┌──

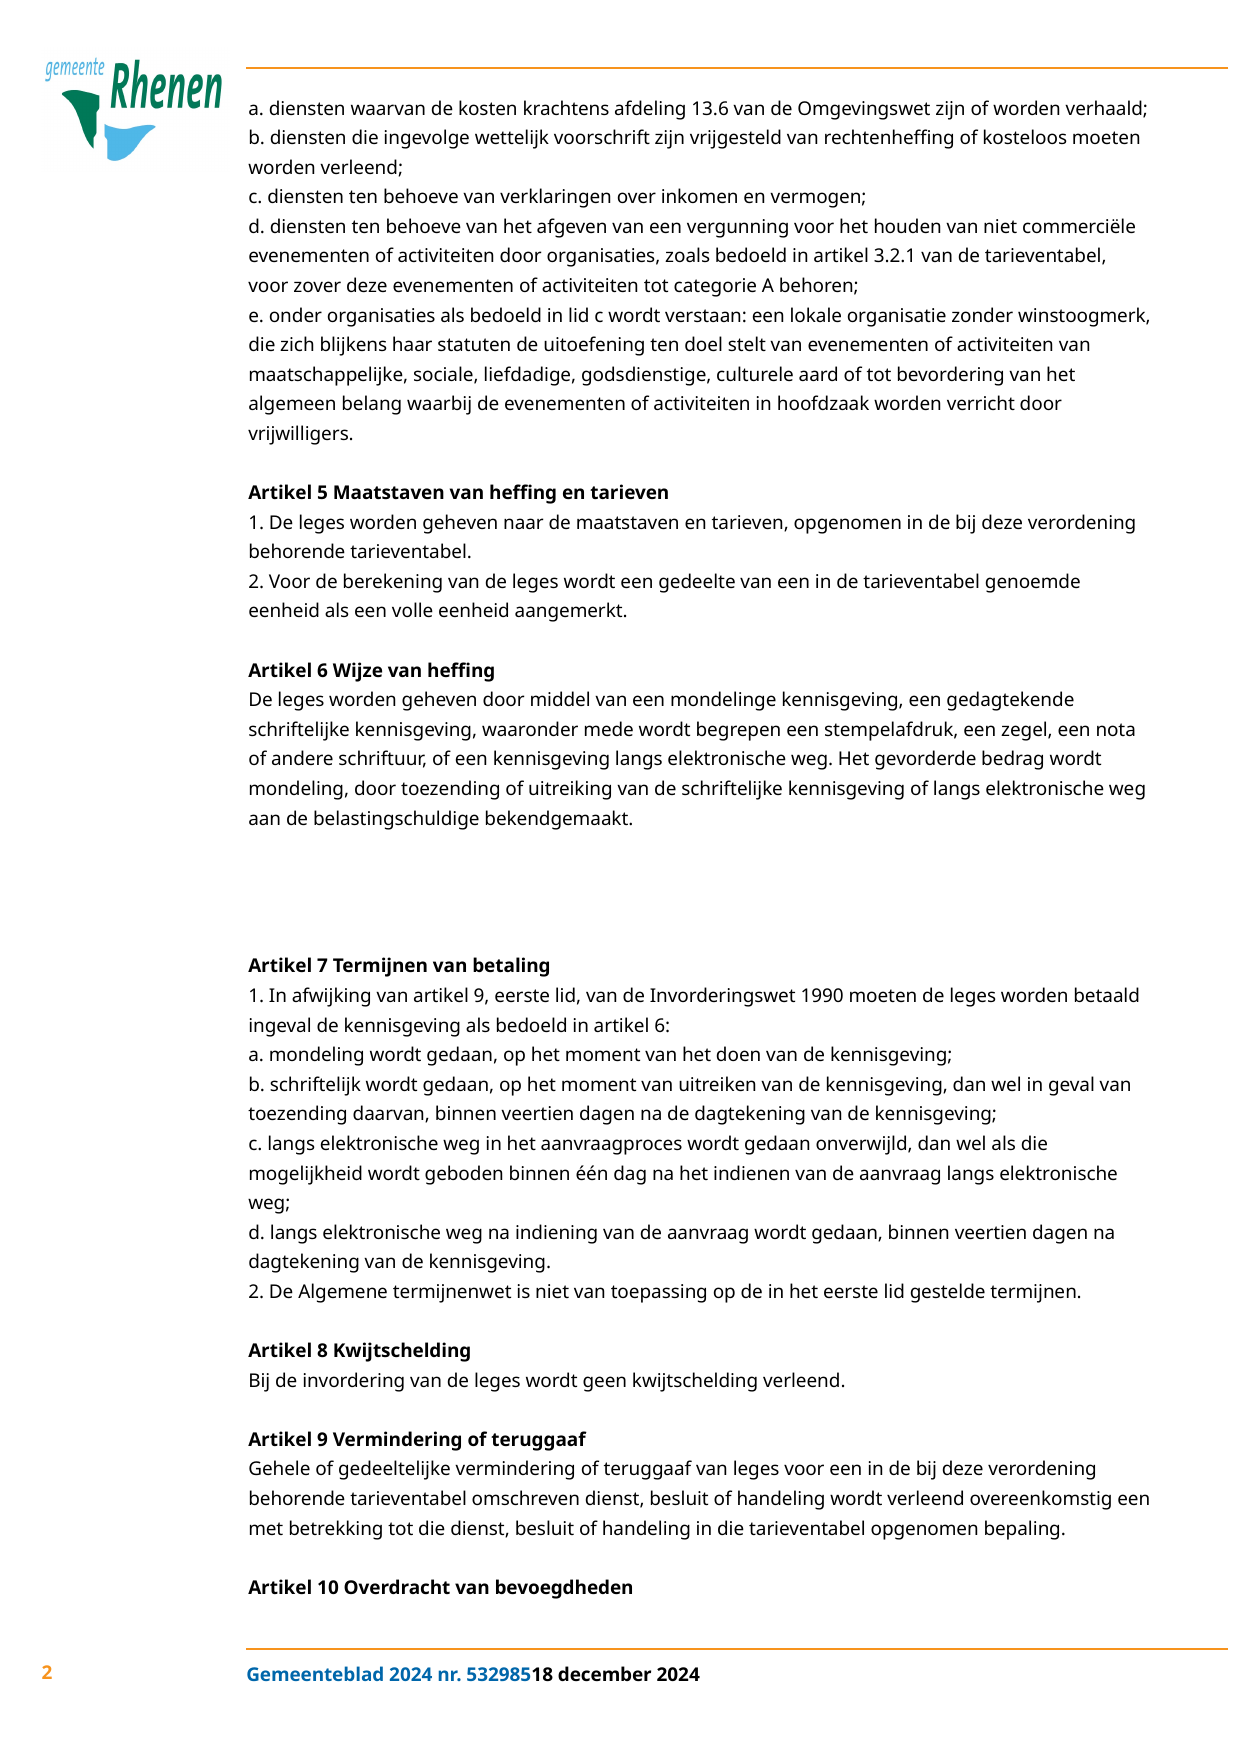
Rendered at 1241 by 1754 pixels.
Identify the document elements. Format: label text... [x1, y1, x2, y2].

text Bij de invordering van de leges wordt geen kwijtschelding verleend. [248, 1367, 1152, 1393]
text b. diensten die ingevolge wettelijk voorschrift zijn vrijgesteld van rechtenheffing of kosteloos moeten worden verleend; [248, 124, 1152, 180]
text 1. De leges worden geheven naar de maatstaven en tarieven, opgenomen in de bij deze verordening behorende tarieventabel. [248, 509, 1152, 564]
text e. onder organisaties als bedoeld in lid c wordt verstaan: een lokale organisatie zonder winstoogmerk, die zich blijkens haar statuten de uitoefening ten doel stelt van evenementen of activiteiten van maatschappelijke, sociale, liefdadige, godsdienstige, culturele aard of tot bevordering van het algemeen belang waarbij de evenementen of activiteiten in hoofdzaak worden verricht door vrijwilligers. [248, 302, 1152, 446]
text d. langs elektronische weg na indiening van de aanvraag wordt gedaan, binnen veertien dagen na dagtekening van de kennisgeving. [248, 1219, 1152, 1274]
text Artikel 7 Termijnen van betaling [248, 953, 1152, 978]
text c. langs elektronische weg in het aanvraagproces wordt gedaan onverwijld, dan wel als die mogelijkheid wordt geboden binnen één dag na het indienen van de aanvraag langs elektronische weg; [248, 1130, 1152, 1215]
text 1. In afwijking van artikel 9, eerste lid, van de Invorderingswet 1990 moeten de leges worden betaald ingeval de kennisgeving als bedoeld in artikel 6: [248, 982, 1152, 1038]
text a. mondeling wordt gedaan, op het moment van het doen van de kennisgeving; [248, 1041, 1152, 1067]
text Artikel 5 Maatstaven van heffing en tarieven [248, 479, 1152, 505]
picture [41, 47, 231, 172]
text d. diensten ten behoeve van het afgeven van een vergunning voor het houden van niet commerciële evenementen of activiteiten door organisaties, zoals bedoeld in artikel 3.2.1 van de tarieventabel, voor zover deze evenementen of activiteiten tot categorie A behoren; [248, 213, 1152, 298]
text a. diensten waarvan de kosten krachtens afdeling 13.6 van de Omgevingswet zijn of worden verhaald; [248, 95, 1152, 121]
text Artikel 10 Overdracht van bevoegdheden [248, 1574, 1152, 1600]
text c. diensten ten behoeve van verklaringen over inkomen en vermogen; [248, 183, 1152, 209]
text Artikel 6 Wijze van heffing [248, 657, 1152, 683]
text De leges worden geheven door middel van een mondelinge kennisgeving, een gedagtekende schriftelijke kennisgeving, waaronder mede wordt begrepen een stempelafdruk, een zegel, een nota of andere schriftuur, of een kennisgeving langs elektronische weg. Het gevorderde bedrag wordt mondeling, door toezending of uitreiking van de schriftelijke kennisgeving of langs elektronische weg aan de belastingschuldige bekendgemaakt. [248, 686, 1152, 831]
text Artikel 8 Kwijtschelding [248, 1337, 1152, 1363]
text 2. Voor de berekening van de leges wordt een gedeelte van een in de tarieventabel genoemde eenheid als een volle eenheid aangemerkt. [248, 568, 1152, 623]
text b. schriftelijk wordt gedaan, op het moment van uitreiken van de kennisgeving, dan wel in geval van toezending daarvan, binnen veertien dagen na de dagtekening van de kennisgeving; [248, 1071, 1152, 1126]
text Artikel 9 Vermindering of teruggaaf [248, 1426, 1152, 1452]
text 2. De Algemene termijnenwet is niet van toepassing op de in het eerste lid gestelde termijnen. [248, 1278, 1152, 1304]
text Gehele of gedeeltelijke vermindering of teruggaaf van leges voor een in de bij deze verordening behorende tarieventabel omschreven dienst, besluit of handeling wordt verleend overeenkomstig een met betrekking tot die dienst, besluit of handeling in die tarieventabel opgenomen bepaling. [248, 1456, 1152, 1541]

└──

- **WHAT IS REQUIRED**:
In the records above, find the lines holding "moeten". Copy each one.

- **OUTPUT OF THE EXERCISE**:
text b. diensten die ingevolge wettelijk voorschrift zijn vrijgesteld van rechtenheffing of kosteloos moeten worden verleend; [248, 124, 1152, 180]
text 1. In afwijking van artikel 9, eerste lid, van de Invorderingswet 1990 moeten de leges worden betaald ingeval de kennisgeving als bedoeld in artikel 6: [248, 982, 1152, 1038]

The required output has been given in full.